Appendix: Details of PEMAPS

Appendix: Details of PEMAPS

Under this assumption that the heartbeat component is a Fourier series with time-variant fundamental frequency (related to the varying period length) and time-variant coefficients (related to the varying signal shape), the sampled version of the real-valued heartbeat component \(x_1, x_2,\,\ldots\) is given as

$$ x_n = \hbox{Re} \left( \sum\limits_{k=1}^K A_{k,n} e^{jk\Uptheta_n} \right) $$
(1)

with coefficients \({A_{0,n} \in \mathbb{R}, A_{1,n},\,\ldots,\,A_{K,n} \in \mathbb{C}}\), phase \(\Uptheta_n \in [0,2\pi]\), finite number of frequencies K and

$$ A_{k,n+1} \approx A_{k,n}, $$
(2)
$$ \Uptheta_{n+1} = (\Uptheta_n + \Upomega_n) \bmod 2\pi, $$
(3)
$$ \Upomega_{n+1} \approx \Upomega_n. $$
(4)

Equation (4) expresses the varying heart rate; (2) expresses the varying beat shape. Let the raw NIRS signal vector \(\user2{y}=(y_1,\,\ldots,\,y_N)\) be a noisy, trended version of \(\user2{x}=(x_1,\,\ldots,\,x_N)\) where N is the signal length. Specifically,

$$ \user2{y} = \user2{A}_{0,-} + \user2{x} + \user2{Z} $$
(5)

where \(\user2{Z}=(Z_1,\,\ldots,\,Z_N)\) is discrete time white Gaussian noise, and \(\user2{A}_{0,-}=(A_{0,1},\,\ldots,\,A_{0,N})\) models changes slower than the heartbeat and thus is omitted in (1).

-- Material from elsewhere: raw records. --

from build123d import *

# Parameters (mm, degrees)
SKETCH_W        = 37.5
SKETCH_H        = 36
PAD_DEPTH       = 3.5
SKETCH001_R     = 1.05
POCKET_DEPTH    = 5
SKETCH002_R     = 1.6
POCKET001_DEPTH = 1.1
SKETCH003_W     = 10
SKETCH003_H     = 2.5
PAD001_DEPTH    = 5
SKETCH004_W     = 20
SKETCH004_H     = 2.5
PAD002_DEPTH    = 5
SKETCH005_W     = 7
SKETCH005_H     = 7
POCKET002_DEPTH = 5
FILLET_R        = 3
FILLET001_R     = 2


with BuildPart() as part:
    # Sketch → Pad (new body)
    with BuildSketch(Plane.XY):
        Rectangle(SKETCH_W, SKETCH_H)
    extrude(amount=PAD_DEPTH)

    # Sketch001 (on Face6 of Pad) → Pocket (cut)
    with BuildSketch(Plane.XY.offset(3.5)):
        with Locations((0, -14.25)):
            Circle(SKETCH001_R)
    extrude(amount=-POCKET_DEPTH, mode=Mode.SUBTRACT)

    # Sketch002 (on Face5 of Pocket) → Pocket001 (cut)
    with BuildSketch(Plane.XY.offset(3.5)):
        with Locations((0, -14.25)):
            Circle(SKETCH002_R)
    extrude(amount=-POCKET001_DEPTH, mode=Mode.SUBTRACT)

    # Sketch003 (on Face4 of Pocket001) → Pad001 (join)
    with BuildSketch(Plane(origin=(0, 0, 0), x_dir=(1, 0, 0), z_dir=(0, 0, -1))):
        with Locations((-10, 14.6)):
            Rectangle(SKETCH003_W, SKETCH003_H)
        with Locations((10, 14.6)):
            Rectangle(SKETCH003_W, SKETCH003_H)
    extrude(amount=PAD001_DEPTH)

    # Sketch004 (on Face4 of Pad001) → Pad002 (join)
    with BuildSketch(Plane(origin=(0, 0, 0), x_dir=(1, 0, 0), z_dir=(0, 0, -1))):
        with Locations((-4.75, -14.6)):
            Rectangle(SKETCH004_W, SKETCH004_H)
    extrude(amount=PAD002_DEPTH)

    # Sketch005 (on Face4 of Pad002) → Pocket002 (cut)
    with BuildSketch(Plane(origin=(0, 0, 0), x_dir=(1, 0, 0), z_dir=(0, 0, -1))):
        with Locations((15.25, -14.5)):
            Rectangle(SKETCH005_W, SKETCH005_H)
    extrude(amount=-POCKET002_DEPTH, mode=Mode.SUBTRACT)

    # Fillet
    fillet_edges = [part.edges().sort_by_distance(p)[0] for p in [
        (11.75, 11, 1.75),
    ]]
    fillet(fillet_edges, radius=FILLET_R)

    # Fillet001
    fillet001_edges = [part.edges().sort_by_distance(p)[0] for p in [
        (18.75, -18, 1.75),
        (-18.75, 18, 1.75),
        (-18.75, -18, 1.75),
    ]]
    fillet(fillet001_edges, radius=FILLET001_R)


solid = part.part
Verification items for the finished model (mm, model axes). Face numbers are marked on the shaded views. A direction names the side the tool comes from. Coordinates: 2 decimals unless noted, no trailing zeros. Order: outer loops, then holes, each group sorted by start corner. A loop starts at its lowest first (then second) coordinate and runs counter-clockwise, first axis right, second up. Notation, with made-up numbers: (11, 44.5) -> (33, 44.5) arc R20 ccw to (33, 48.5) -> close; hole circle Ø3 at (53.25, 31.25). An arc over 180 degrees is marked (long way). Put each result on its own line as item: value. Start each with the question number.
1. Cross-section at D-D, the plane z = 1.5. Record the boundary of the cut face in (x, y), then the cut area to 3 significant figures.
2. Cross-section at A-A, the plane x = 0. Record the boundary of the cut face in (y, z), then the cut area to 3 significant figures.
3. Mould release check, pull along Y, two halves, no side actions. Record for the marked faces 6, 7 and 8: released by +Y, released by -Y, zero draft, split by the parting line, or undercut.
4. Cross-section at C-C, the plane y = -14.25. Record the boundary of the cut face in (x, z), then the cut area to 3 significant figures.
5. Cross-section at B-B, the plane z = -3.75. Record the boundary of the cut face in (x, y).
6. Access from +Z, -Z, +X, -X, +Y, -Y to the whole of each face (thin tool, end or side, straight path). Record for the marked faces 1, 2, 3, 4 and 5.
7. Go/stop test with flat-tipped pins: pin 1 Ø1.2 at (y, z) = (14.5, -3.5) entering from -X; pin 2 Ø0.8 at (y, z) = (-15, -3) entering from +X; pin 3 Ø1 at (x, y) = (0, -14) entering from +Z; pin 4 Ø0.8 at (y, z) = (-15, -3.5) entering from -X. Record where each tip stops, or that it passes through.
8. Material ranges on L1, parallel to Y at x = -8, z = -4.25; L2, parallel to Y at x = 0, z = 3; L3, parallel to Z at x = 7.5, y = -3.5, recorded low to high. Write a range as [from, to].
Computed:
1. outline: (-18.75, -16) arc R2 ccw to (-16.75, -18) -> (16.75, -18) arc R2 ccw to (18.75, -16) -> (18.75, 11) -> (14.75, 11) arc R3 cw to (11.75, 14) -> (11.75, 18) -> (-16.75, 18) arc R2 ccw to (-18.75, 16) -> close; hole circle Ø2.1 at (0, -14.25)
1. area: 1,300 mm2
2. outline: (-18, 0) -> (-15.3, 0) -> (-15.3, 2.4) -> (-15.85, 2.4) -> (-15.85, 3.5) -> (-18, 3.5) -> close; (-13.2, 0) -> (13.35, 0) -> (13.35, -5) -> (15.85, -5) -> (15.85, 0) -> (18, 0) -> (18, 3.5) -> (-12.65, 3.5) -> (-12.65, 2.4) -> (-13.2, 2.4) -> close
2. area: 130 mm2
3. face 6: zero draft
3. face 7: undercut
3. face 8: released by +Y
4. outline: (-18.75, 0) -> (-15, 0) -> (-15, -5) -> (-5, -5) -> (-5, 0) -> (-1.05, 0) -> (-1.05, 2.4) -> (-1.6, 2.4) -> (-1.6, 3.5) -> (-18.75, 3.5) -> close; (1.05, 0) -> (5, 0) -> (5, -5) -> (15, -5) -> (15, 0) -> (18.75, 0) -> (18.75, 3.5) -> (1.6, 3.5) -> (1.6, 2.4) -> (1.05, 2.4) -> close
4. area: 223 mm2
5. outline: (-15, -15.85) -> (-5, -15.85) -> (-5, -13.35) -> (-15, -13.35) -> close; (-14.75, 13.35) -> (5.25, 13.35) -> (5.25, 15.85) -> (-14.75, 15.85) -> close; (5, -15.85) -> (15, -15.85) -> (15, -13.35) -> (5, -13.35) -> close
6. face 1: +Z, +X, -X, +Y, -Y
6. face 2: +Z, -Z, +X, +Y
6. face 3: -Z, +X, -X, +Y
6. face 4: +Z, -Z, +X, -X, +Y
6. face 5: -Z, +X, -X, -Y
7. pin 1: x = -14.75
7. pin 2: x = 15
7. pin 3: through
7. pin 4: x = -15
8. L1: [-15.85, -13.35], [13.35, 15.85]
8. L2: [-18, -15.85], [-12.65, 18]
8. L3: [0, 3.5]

We will use the vectors \(\user2{A}_{k,-} = (A_{k,1},\,\ldots,\,A_{k, N})\) for \(k = 0,\,\ldots,\,K\) and decorate estimates with a hat (e.g. \(\hat{C}\) is an estimate of C).

Given \(\user2{y}\), the objective is to estimate the phases \(\varvec{\Uptheta} \,\triangleq\, (\Uptheta_1,\,\ldots,\,\Uptheta_{N}), K\) and the coefficient vectors \(\user2{A}_{1,-},\,\ldots,\,\user2{A}_{K,-}\) such that

$$ \sum\limits_{n=1}^{N} (y_n - \hat{x}_n - \hat{A}_{0,n})^2. $$

is minimal, where \(\hat{x}_n\) is the reconstructed signal by applying the estimates in (1).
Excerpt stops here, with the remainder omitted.